Circular Motion and Gravitation HELP

[kittn44]

Hey there! Completely new here but thought someone could help. I have this problem where I don't even know where to start from.

The problem:

(Picture of loop with a man in a roller coaster cart hanging upside down from furthest top point of circle)

A man in the roller coaster is sitting on a bathroom scale. If he is traveling at 33.1 m/s at the point shown, the radius of the vertical coaster track is 61 meters, and the man has a mass of 55.3 kg, to the nearest Newton, what does the scale read?

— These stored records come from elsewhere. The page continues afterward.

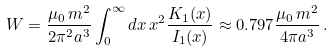Convert formula to latex. <formula><loc_0><loc_0><loc_500><loc_500>W = \frac { \mu _ { 0 } \, m ^ { 2 } } { 2 \pi ^ { 2 } a ^ { 3 } } \int _ { 0 } ^ { \infty } d x \, x ^ { 2 } \frac { K _ { 1 } ( x ) } { I _ { 1 } ( x ) } \approx 0 . 7 9 7 \frac { \mu _ { 0 } \, m ^ { 2 } } { 4 \pi a ^ { 3 } } \, .</formula> 
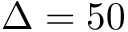<formula> <loc_0><loc_0><loc_500><loc_500>\Delta = 5 0</formula> 
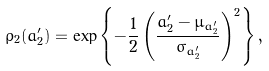<formula> <loc_0><loc_0><loc_500><loc_500>\rho _ { 2 } ( a _ { 2 } ^ { \prime } ) = \exp \left \{ - \frac { 1 } { 2 } \left ( \frac { a _ { 2 } ^ { \prime } - \mu _ { a _ { 2 } ^ { \prime } } } { \sigma _ { a _ { 2 } ^ { \prime } } } \right ) ^ { 2 } \right \} ,</formula> 
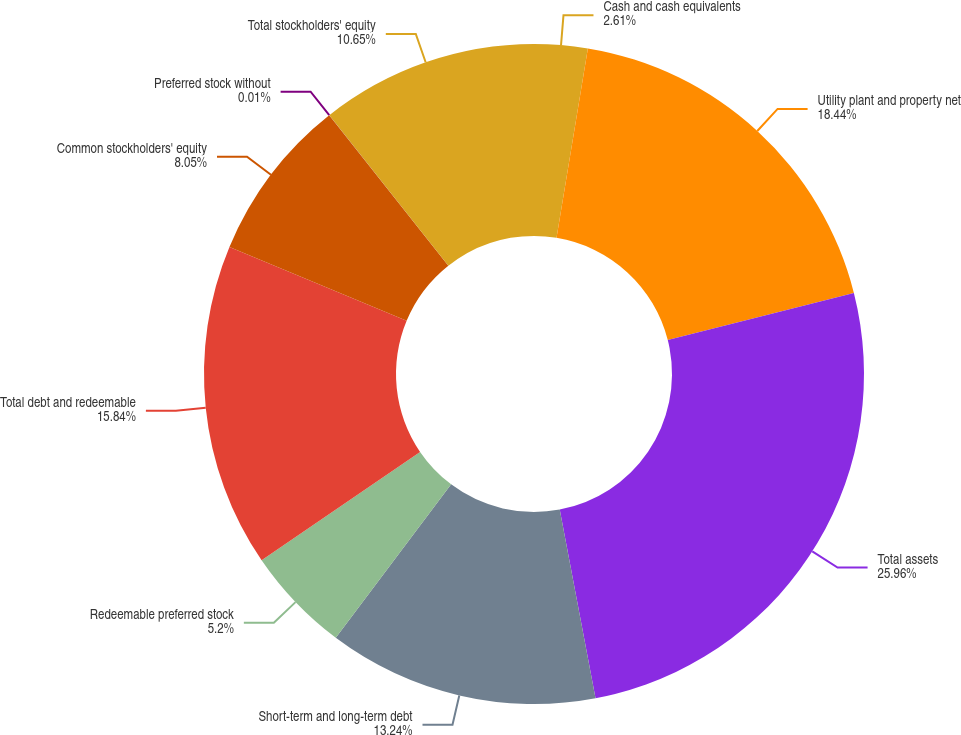<chart> <loc_0><loc_0><loc_500><loc_500><pie_chart><fcel>Cash and cash equivalents<fcel>Utility plant and property net<fcel>Total assets<fcel>Short-term and long-term debt<fcel>Redeemable preferred stock<fcel>Total debt and redeemable<fcel>Common stockholders' equity<fcel>Preferred stock without<fcel>Total stockholders' equity<nl><fcel>2.61%<fcel>18.44%<fcel>25.97%<fcel>13.24%<fcel>5.2%<fcel>15.84%<fcel>8.05%<fcel>0.01%<fcel>10.65%<nl></chart> 
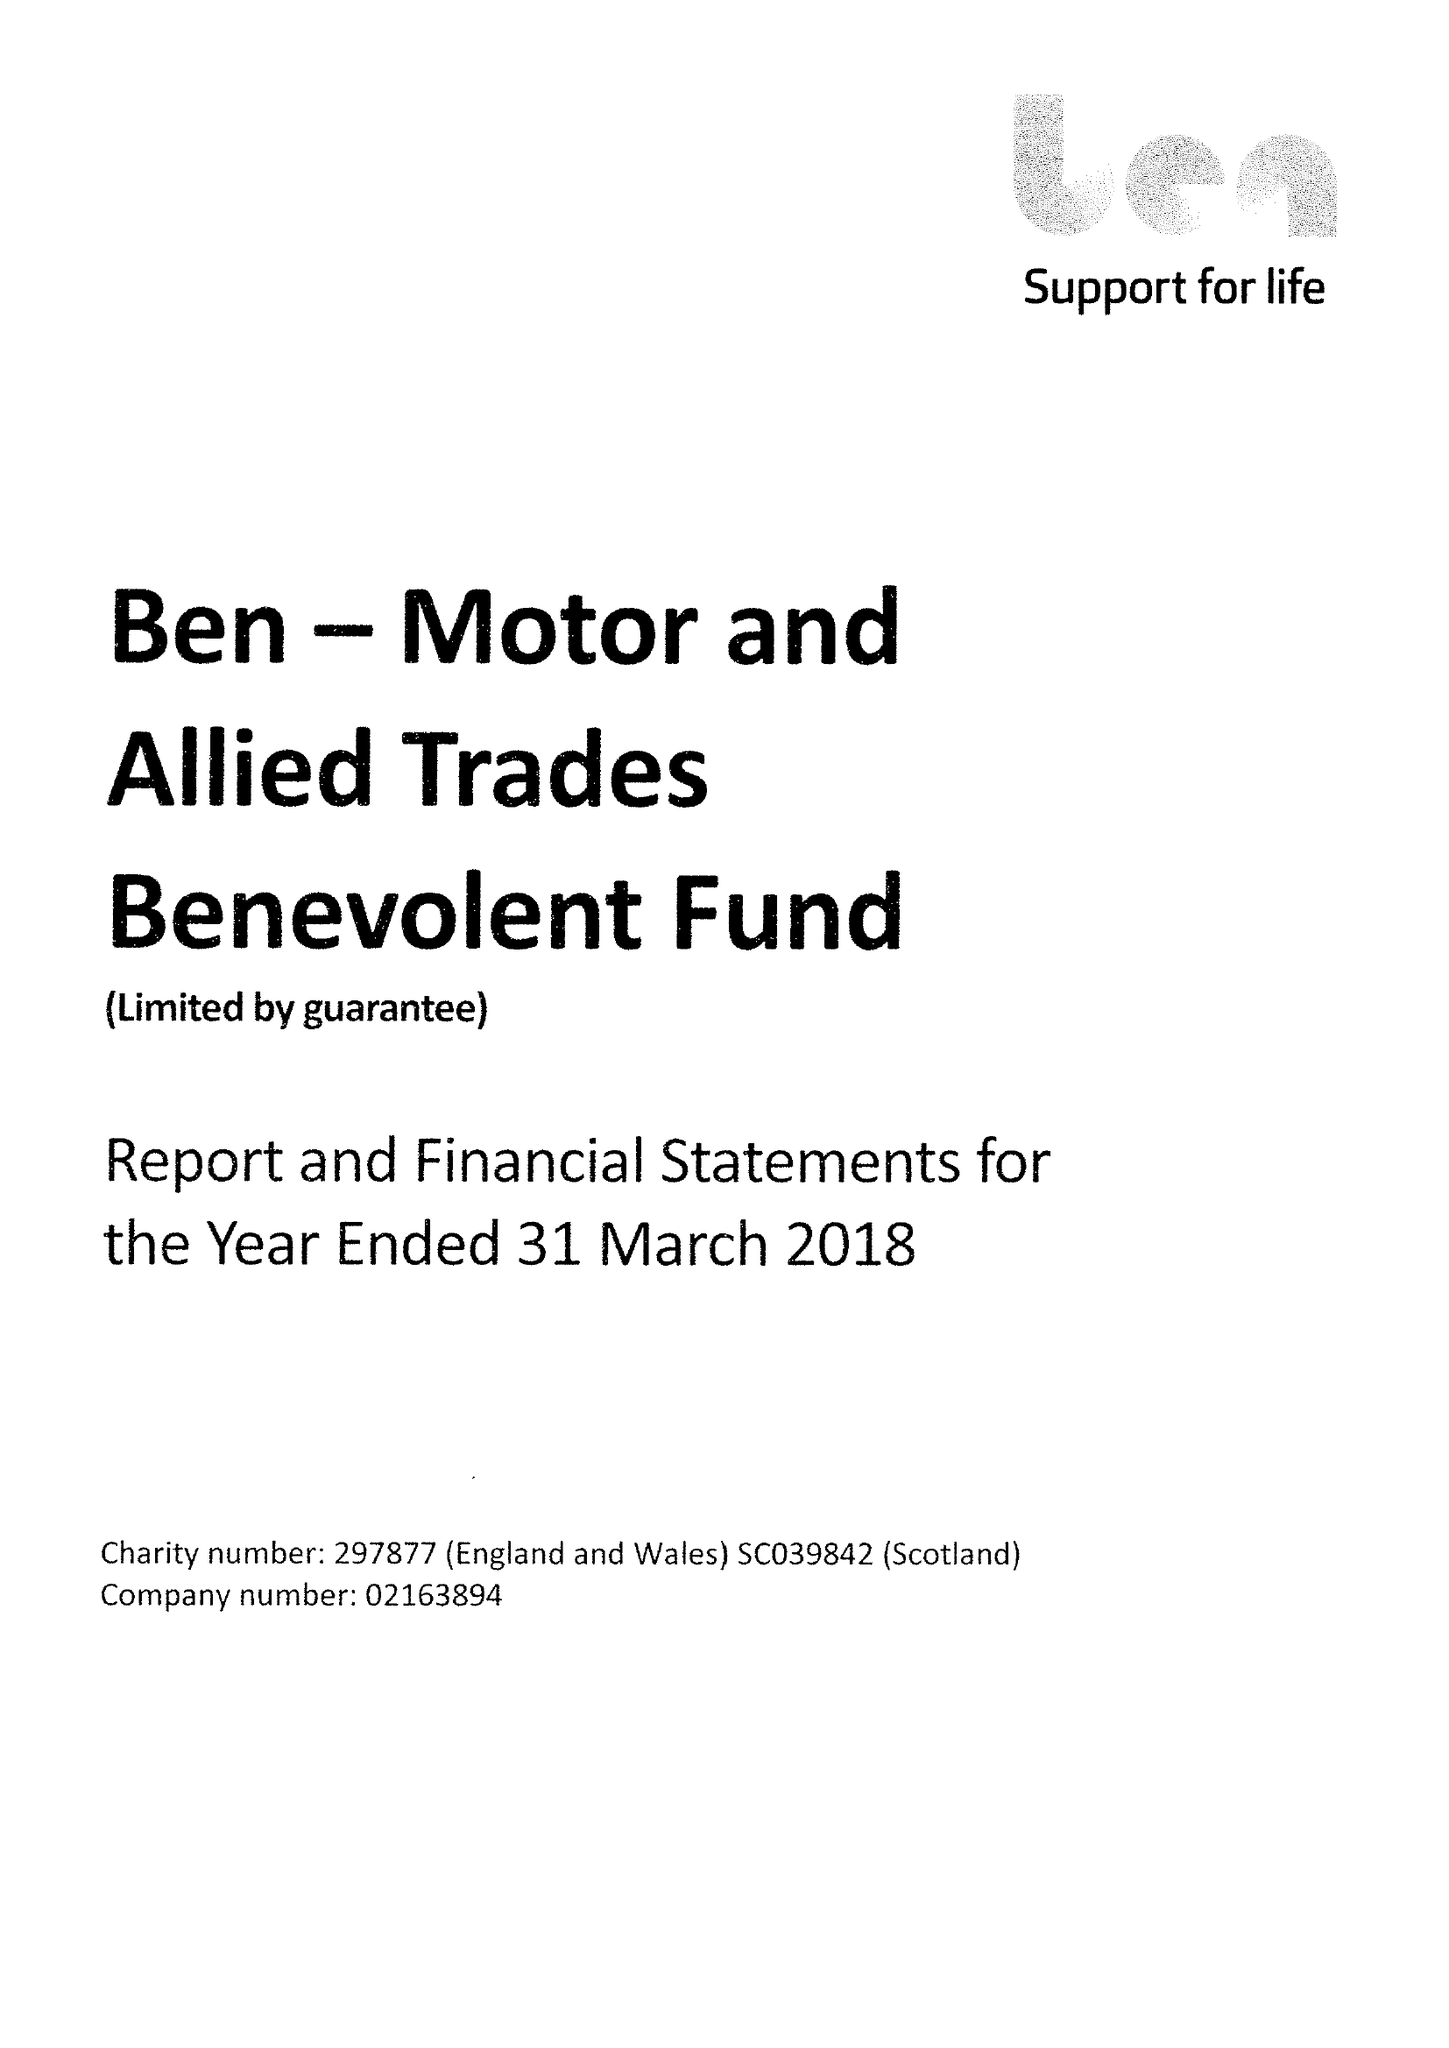What is the value for the address__post_town?
Answer the question using a single word or phrase. ASCOT

Ok, first off, the answer isn't something I'm concerned with anyway because these values will not be the same as the ones I end up having to work, so I really just need someone to explain HOW I do this and WHY. My class is only 5 weeks long and I'm taking too much in and I just don't grasp circular motion quite yet. Any ideas and help appreciated!

Also, if the man were at the most bottom point of the loop, would you work the problem differently?

THANKS

 

[Jameson]

The acceleration for circular motion can be defined as:

$$a = \frac{v^2}{r}$$

where "a" is acceleration, "v" is velocity, and "r" is the radius.

Now once the acceleration is known, how might one find the force acting on the scale?

 

[thepatientmental]

Hi there! Don't worry, circular motion and gravitation can be a bit tricky at first, but with some practice and understanding of the concepts, you'll get the hang of it!

To solve this problem, you'll need to use the equations for circular motion and Newton's laws of motion. First, let's break down the problem into parts.

1. The man is traveling at 33.1 m/s at the point shown, which means he has a velocity in the vertical direction. This velocity is caused by the centripetal force, which is directed towards the center of the circle.

2. The radius of the vertical coaster track is 61 meters. This is the distance from the center of the circle to the point where the man is hanging upside down.

3. The man has a mass of 55.3 kg. This is important because it will help us calculate the force acting on him.

Now, to find the scale reading, we need to calculate the force that is acting on the man. This force is the sum of the weight of the man (mg) and the centripetal force (mv^2/r). We can set up an equation:

Scale reading = mg + mv^2/r

Substituting the given values, we get:

Scale reading = (55.3 kg)(9.8 m/s^2) + (55.3 kg)(33.1 m/s)^2/(61 m)

This gives us a scale reading of approximately 6,563 Newtons.

If the man were at the bottom point of the loop, the problem would be slightly different because his velocity would be different. However, the same concept applies and you would still use the same equation to find the scale reading.

I hope this helps you understand the problem better! Remember to always break it down into smaller parts and use the relevant equations to solve it. Good luck with your class!